MRM woes could hit N. Carolina residents
The financial troubles of Mutual Risk Management's US insurance companies - Legion and Villanova - could mean some North Carolina residents are left short on workers compensation payments they are due.
News reports yesterday said North Carolina regulators were scrambling to pay up to $25 million in 1,500 workers' compensation claims after the state's insurance industry was left to pick up the workers' comp tab - or the difference between claims and the $14 million on deposit from the failed companies. The Mutual Risk (MRM) US-based subsidiaries were taken over by state regulators earlier this year and put into state regulated run-off. MRM, as the parent company, has been fighting to bring the companies out of rehabilitation, claiming that the companies are solvent.
But, because of the way the Legion and Villanova cases have proceeded in Pennsylvania courts, some North Carolina residents could see an interruption in their weekly workers' comp claims payments and the payment gap could run from two to four weeks. Meanwhile State insurance regulators said Legion and Villanova's failure could be attributed to stiff competition in the workers' comp market that led to rate-cutting to the point that premiums were not keeping pace with claims.

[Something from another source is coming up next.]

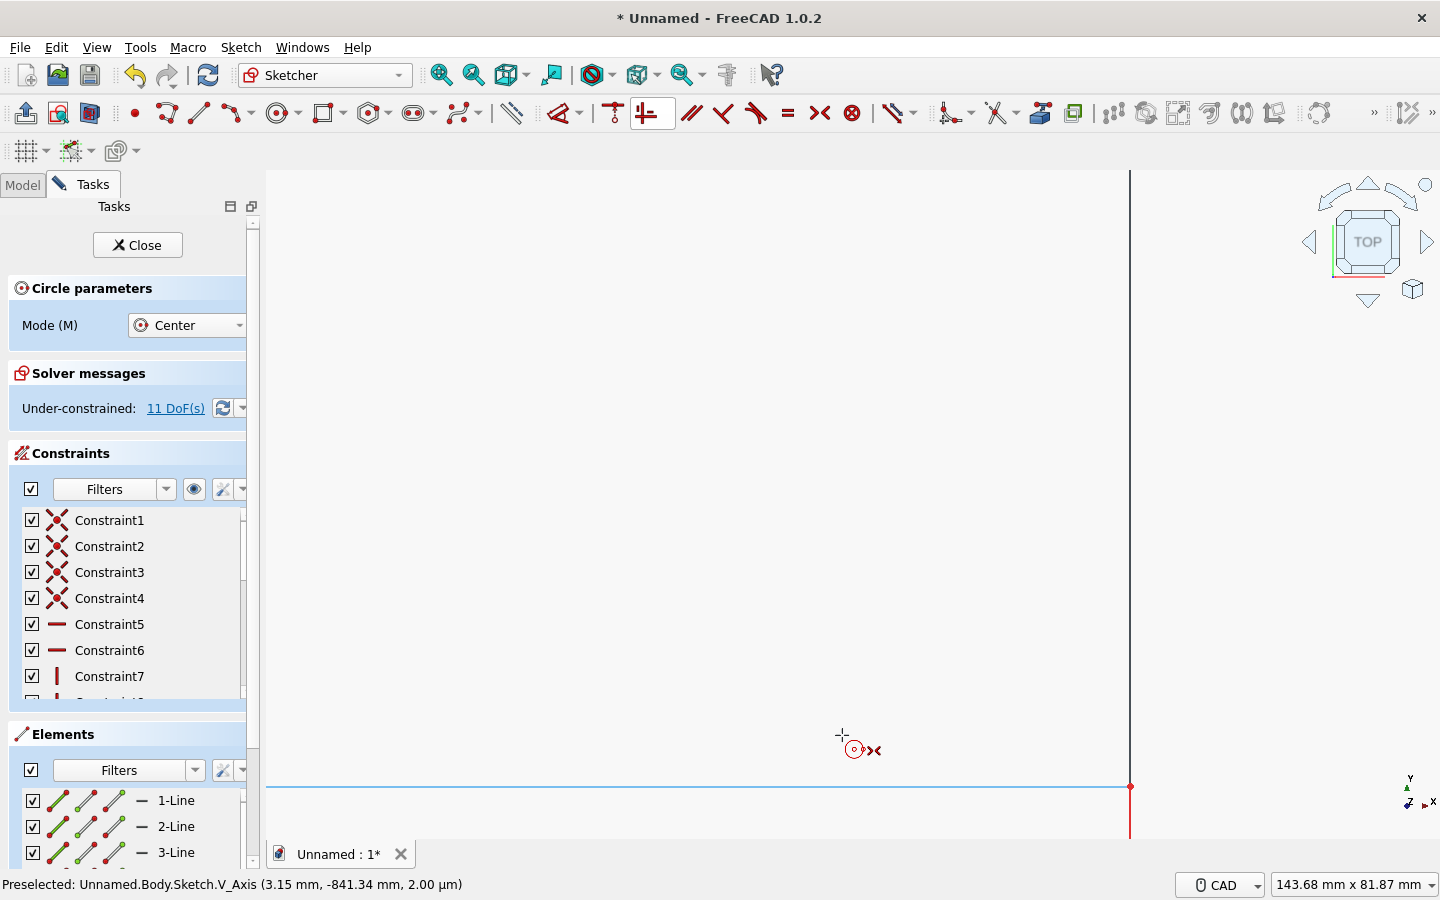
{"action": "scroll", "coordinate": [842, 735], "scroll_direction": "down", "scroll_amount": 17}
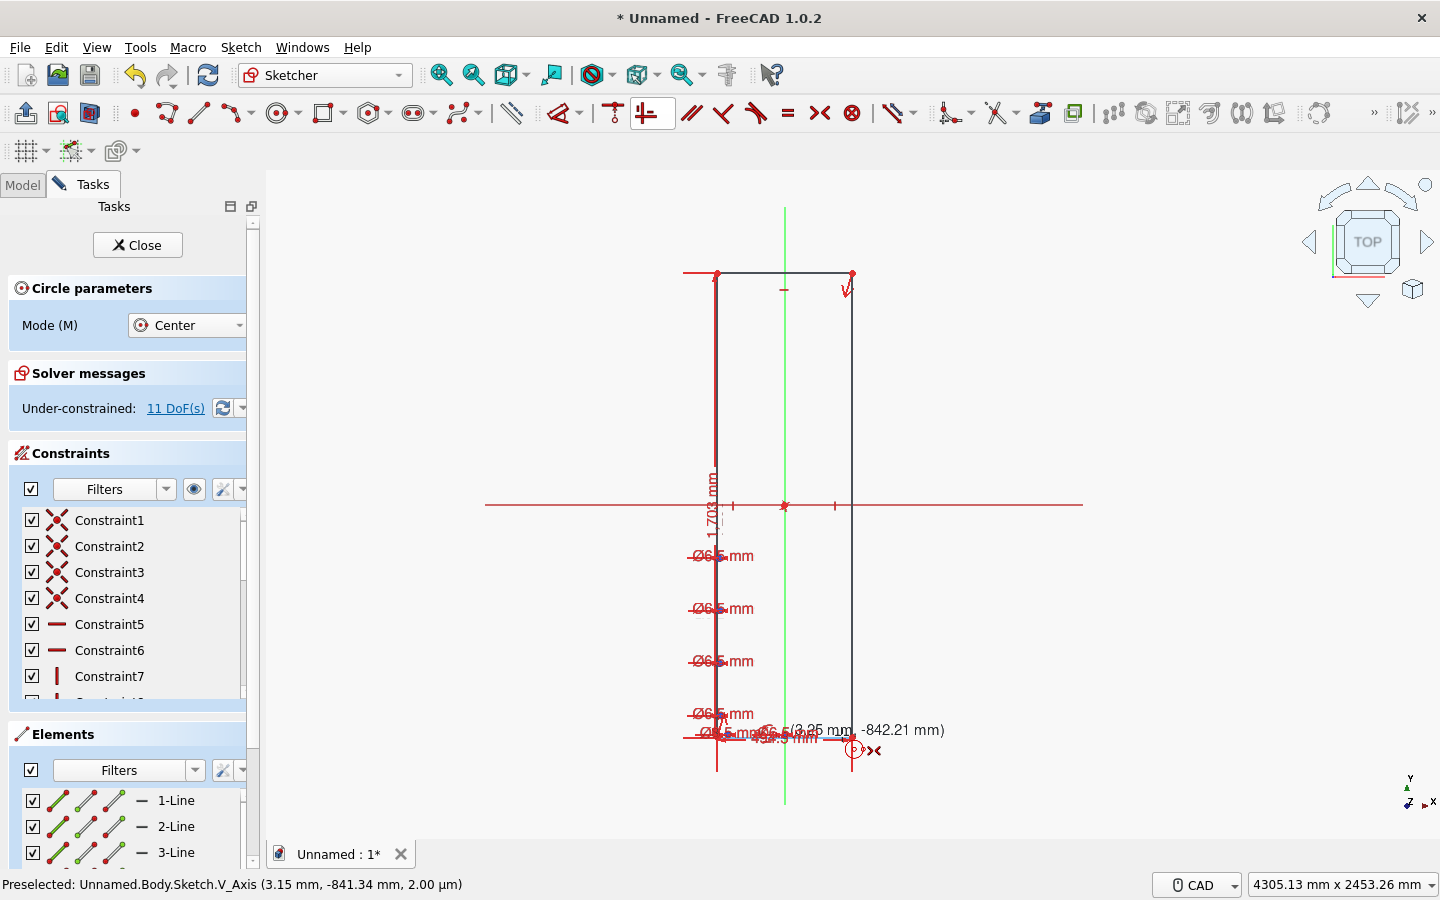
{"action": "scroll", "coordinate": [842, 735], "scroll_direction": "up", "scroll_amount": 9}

Pennsylvania insurance regulators, after examining the companies' books, ordered both Legion and Villanova into rehabilitation, which the news report said was "one step short of insolvency in the insurance industry bankruptcy process".
A Pennsylvania judge recently delayed action on declaring the two companies insolvent, however, after MRM objected. The judge also ruled that Legion and Villanova could stop paying workers comp claims in states where the two companies had posted deposits.
Without a formal declaration of insolvency North Carolina reportedly could not use the $14 million on deposit to pay claims and neither could it get the case files on whom to pay. To get around these difficulties, officials from the Guaranty Association, the Department of Insurance and the North Carolina Industrial Commission asked the General Assembly to pass a hastily-crafted bill allowing them to use the $14 million and to begin cleaning up after the two firms, even though they haven't been declared insolvent in Pennsylvania.
The General Assembly rushed the bill through in a single day, passing it only hours before it adjourned. And on November 1, North Caroline Insurance Commissioner Jim Long won a Wake County court order declaring the two firms insolvent in that state.
The Guaranty Association, which is still waiting for the case files from the two companies, will asses its 700 insurance company members for the amount of unpaid claims exceeding the $14 million deposit.